Code Clone Detection Method Based on Hierarchical Feature

ZHANG Dongmei, CHEN Yongle, YANG Yuli   

  1. College of Information and Computer, Taiyuan University of Technology, Jinzhong, Shanxi 030600, China
  • Received:2020-07-16 Revised:2020-09-30 Published:2020-10-21

摘要: 针对现有代码克隆检测方法通常存在标记表示单一而抽象语法树构造复杂的问题,提出一种结合分层特征的代码克隆检测方法。使用双层双向长短时记忆网络提取行级和全局代码层次的深层语义信息,挖掘目标代码的语义特征。引入注意力机制调整重要标记及代码行的影响权重,增强语义形式的代码克隆检测效果,并采用softmax分类器识别克隆代码。实验结果表明,该方法的召回率和精确度分别为91%和97%,相比NICAD、CCIS、CCLearner方法对于复杂语义形式的克隆代码具有更好的检测效果。

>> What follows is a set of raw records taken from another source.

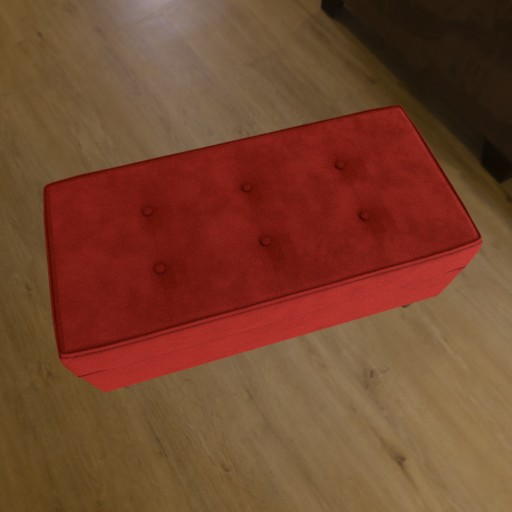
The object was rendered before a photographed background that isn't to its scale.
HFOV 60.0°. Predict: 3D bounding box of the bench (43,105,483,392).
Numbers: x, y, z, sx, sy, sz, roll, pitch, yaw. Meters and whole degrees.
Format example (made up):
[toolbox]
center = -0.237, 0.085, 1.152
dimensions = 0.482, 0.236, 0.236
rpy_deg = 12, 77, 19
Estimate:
[bench]
center = 0.000, 0.000, 1.283
dimensions = 1.016, 0.471, 0.492
rpy_deg = -15, 63, -8
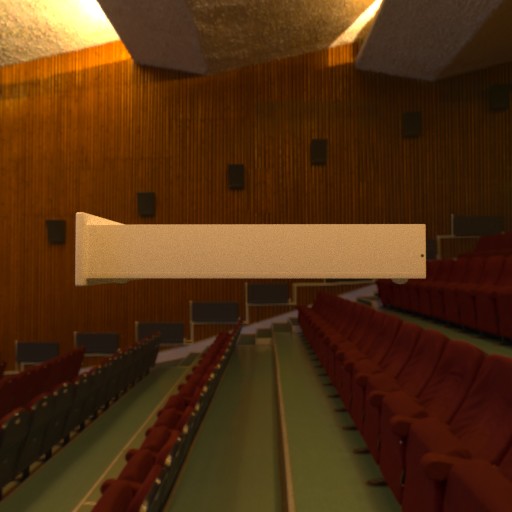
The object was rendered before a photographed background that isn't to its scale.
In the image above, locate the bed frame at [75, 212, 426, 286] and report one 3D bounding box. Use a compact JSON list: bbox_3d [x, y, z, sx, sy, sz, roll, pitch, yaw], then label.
[{"bbox_3d":[0.000,0.000,1.488,0.670,0.141,1.300,0,-1,1],"label":"bed frame"}]
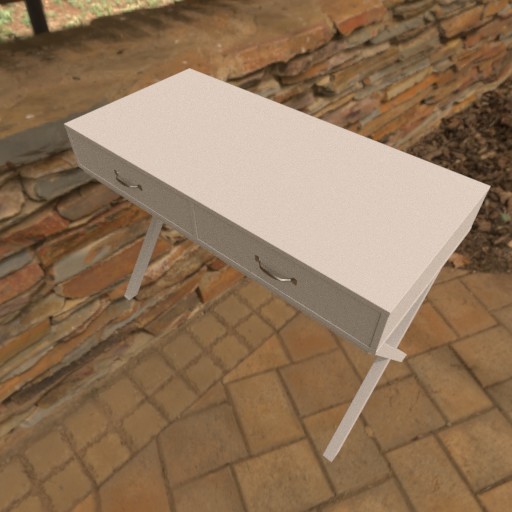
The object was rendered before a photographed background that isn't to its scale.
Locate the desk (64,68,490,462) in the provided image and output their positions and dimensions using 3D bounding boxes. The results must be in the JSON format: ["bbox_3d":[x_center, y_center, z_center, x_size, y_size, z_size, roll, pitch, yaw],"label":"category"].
[{"bbox_3d":[0.000,0.000,1.460,1.057,0.780,0.525,31,53,27],"label":"desk"}]
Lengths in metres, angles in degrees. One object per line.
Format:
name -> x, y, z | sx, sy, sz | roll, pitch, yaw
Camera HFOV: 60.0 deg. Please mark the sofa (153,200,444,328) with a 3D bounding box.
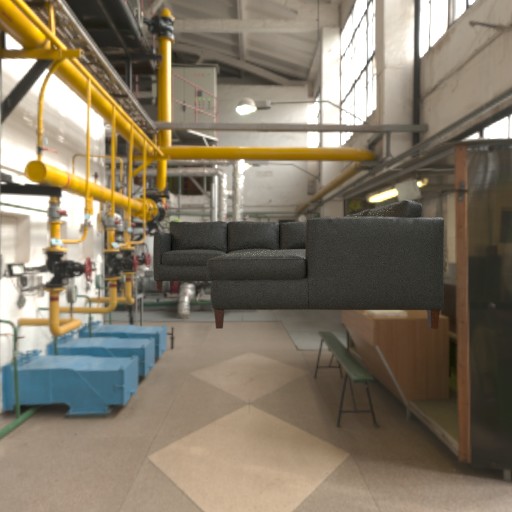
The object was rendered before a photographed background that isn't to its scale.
sofa -> 0.000, 0.000, 4.681 | 2.593, 0.923, 3.460 | 0, 1, 0
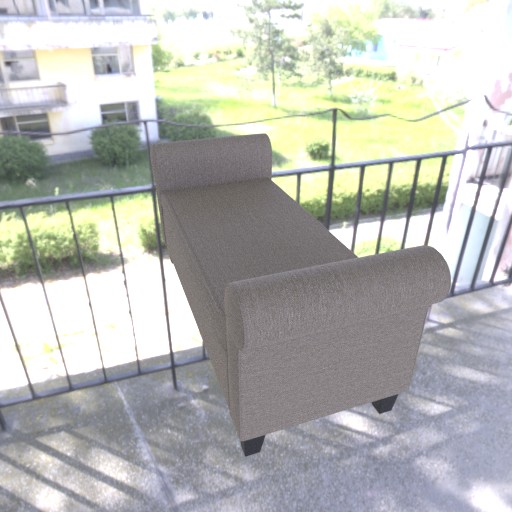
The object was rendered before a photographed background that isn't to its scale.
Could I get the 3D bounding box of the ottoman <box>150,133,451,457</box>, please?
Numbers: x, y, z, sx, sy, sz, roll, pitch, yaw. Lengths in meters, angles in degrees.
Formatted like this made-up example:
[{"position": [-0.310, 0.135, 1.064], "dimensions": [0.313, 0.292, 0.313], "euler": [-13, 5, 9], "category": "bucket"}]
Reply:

关键词: 标记转换, 分层特征, 双向长短时记忆网络, 注意力机制, 代码克隆检测

Abstract: The existing code clone detection methods usually have the problem of single mark representation and complex abstract syntax tree structure.To address the problem, a code clone detection method is proposed based on hierarchical features.The method employs two-layer Bi-directional Long Short-Term Memory(Bi-LSTM) networks to extract deeper semantic information at the line level and global code level respectively.On this basis, the semantic features of the target code are mined.Then the attention mechanism is introduced to adjust the influence weight of important tokens and code lines, and thus enhance the performance of code clone detection for complex semantics.Finally, the softmax classifier is used to determine whether the target code is cloned.Experimental results show that the proposed method displays recall rate of 91% and precision of 97%, providing better performance than the NICAD, CCIS and CCLearner methods in code clone detection for complex semantics.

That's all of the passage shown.